Our take-home message, it turns out, was the same: Wow, it’s really hard to be a medical student.

First, a bit of background on the 7,500-square foot Clinical Skills Center, which is located in the Tosteson Medical Education Center:

  • It opened in September of 2013 and cost approximately $5 million to build.
  • Harvard faculty use the center for teaching, assessing clinical communication and physical exam skills, and delivering multi-station objective structured clinical exams, or “OSCEs” as they call them. (More on these in just a moment.)
  •  The center boasts 18 exam rooms and dozens of video cameras.
  • The center also includes an impressive control room that makes you feel like you’re working for air traffic control (pictured above).
  • Our tour opened with a short presentation about the construction of the space and a short video about the daily activities inside the center. We learned that the center is designed to teach both the science and the art of medicine; students go there to learn technical skills, but also how to connect with patients.

After the video, it was time to put ourselves in the students’ shoes.

Our first stop was to see a student interviewing a middle-aged, female patient about what it was like to care for her mother with dementia. (The patient was an actress, but all the center’s “standardized patients” are highly trained, and it showed.) We watched for about five minutes as the future physician took a thoughtful history, asking the patient how she was coping with her mother’s complicated daily life. The intense conversation made us feel like we were witnessing an intimate exchange and ended with a diagnosis of depression.

If class was actually in session, a faculty member would have watched the interaction unfold for 15 minutes with a checklist of skills in hand. Then, together, faculty member and student would review the video recording and discuss the good and bad. The patient would provide feedback, too, and add an invaluable perspective.

From there, our small tour group watched a professor and a student conduct a knee exam. In between bends, turns, and touches, we could see the student’s mind race, hoping he’d remember the next move. The faculty member taught with his voice and his hands and provided small corrections as the student searched for fluid and tears.

Then, finally, we met Mr. Jones. After allowing us to merely observe at the first two stations, the tour guide quickly ushered us into the mannequin’s room and handed us stethoscopes.

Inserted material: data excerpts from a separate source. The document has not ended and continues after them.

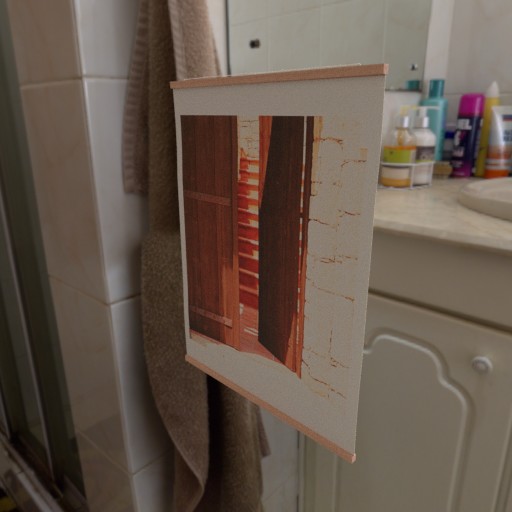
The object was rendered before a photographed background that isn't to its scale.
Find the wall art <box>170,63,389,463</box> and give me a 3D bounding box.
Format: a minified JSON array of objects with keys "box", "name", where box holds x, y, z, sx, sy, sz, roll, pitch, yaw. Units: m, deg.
[{"box":[0.000,0.000,1.317,0.020,1.013,0.758,-17,24,-42],"name":"wall art"}]
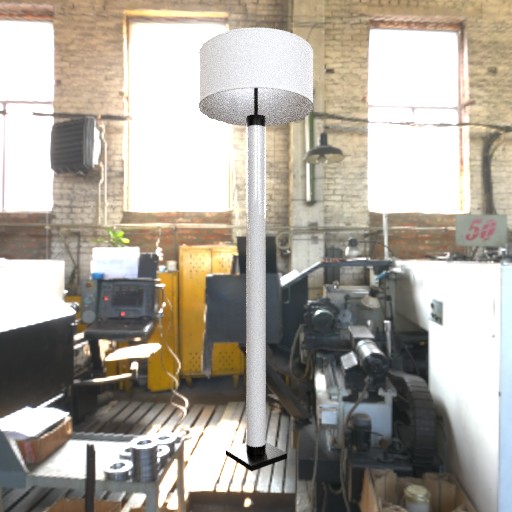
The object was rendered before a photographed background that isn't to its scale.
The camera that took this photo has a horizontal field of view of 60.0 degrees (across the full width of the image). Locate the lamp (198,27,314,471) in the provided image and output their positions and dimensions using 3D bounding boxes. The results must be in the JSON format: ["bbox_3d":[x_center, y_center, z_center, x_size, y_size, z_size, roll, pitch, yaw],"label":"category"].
[{"bbox_3d":[0.000,0.000,1.622,0.420,1.475,0.420,0,0,-37],"label":"lamp"}]
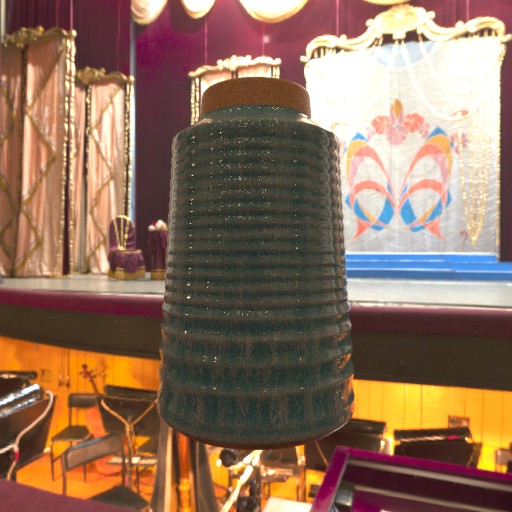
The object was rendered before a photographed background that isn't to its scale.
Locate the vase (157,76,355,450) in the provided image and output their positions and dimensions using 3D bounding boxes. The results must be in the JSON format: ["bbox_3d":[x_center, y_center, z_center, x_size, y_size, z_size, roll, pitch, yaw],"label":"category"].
[{"bbox_3d":[0.000,0.000,0.373,0.163,0.267,0.163,0,0,0],"label":"vase"}]
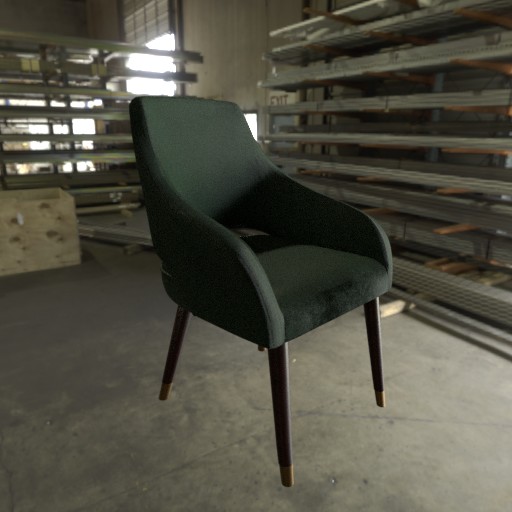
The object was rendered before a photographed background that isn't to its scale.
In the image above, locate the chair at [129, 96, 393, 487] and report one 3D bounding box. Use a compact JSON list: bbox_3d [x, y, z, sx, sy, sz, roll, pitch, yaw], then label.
[{"bbox_3d":[0.000,0.000,1.545,0.794,1.081,0.683,15,21,42],"label":"chair"}]
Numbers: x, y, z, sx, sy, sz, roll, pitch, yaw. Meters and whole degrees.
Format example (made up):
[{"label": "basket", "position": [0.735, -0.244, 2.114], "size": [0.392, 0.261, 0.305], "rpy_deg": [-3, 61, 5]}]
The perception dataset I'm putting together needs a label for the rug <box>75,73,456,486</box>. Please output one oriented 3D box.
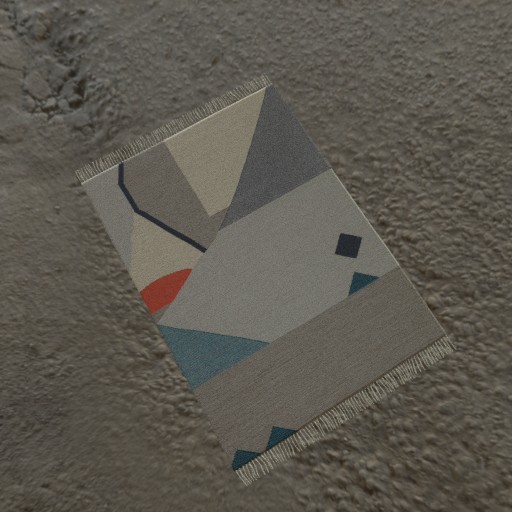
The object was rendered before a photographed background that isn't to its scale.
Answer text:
[{"label": "rug", "position": [0.000, 0.000, 2.294], "size": [1.220, 0.005, 1.828], "rpy_deg": [-30, 78, -7]}]
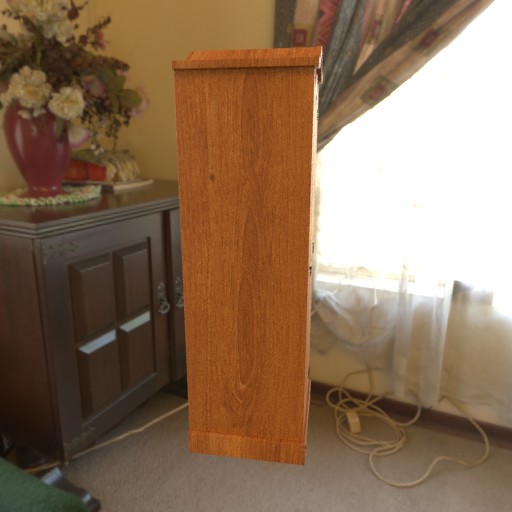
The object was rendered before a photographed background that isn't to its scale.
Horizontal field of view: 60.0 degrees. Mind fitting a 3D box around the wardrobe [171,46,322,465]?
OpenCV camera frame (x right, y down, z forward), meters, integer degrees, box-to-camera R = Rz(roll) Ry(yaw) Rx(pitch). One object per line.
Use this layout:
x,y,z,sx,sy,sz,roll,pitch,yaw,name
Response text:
0.000,0.000,2.177,0.570,1.870,0.590,2,15,9,wardrobe
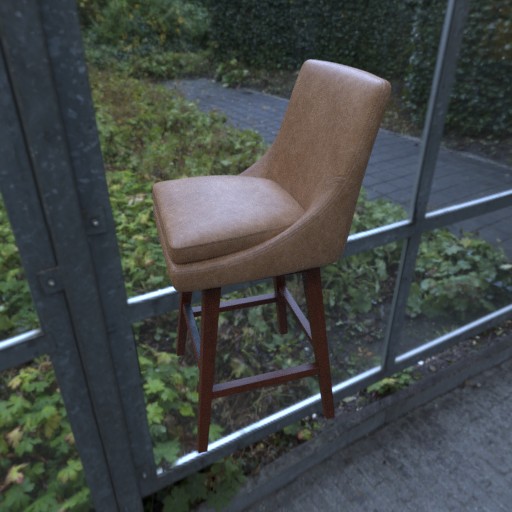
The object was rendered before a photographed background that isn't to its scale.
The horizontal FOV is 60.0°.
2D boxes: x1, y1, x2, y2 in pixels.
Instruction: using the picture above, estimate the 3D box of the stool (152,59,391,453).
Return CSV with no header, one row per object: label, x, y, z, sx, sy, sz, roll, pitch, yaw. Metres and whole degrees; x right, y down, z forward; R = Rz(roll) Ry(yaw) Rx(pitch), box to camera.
stool,0.000,0.000,1.390,0.572,1.079,0.487,-9,31,-15

“Listen to his chest. Look at the monitor. What do you think we should do?” asked a faculty member.

“Um. Wow, this thing is really cool.”

“Right. What should we do?”

The patient chimed in: “Help. I can’t breathe.” It sounded like the patient, at least. Really, it was a faculty member behind a whiteboard, talking into a microphone linked to a speaker near the mannequin.

When we finally realized it was up to us, our group gave the patient some oxygen and some breathing treatments, which seemed to help. Still, we were reeling from the pressure and felt a lot more comfortable when we returned to normal “tour mode,” with an explanation of the pedagogy.

The tour lasted only an hour, but it was enough time to instill some important reminders. First, just how challenging life as a medical student can be. Students live in a high-pressure, demanding, competitive environment. And that doesn’t even factor in the real-life version of Mr. Jones!

Second, how lucky we are to be part of the Open School and to do what we do. We’re certain medicine wasn’t the path for us, but it’s an honor to contribute to the education of future physicians.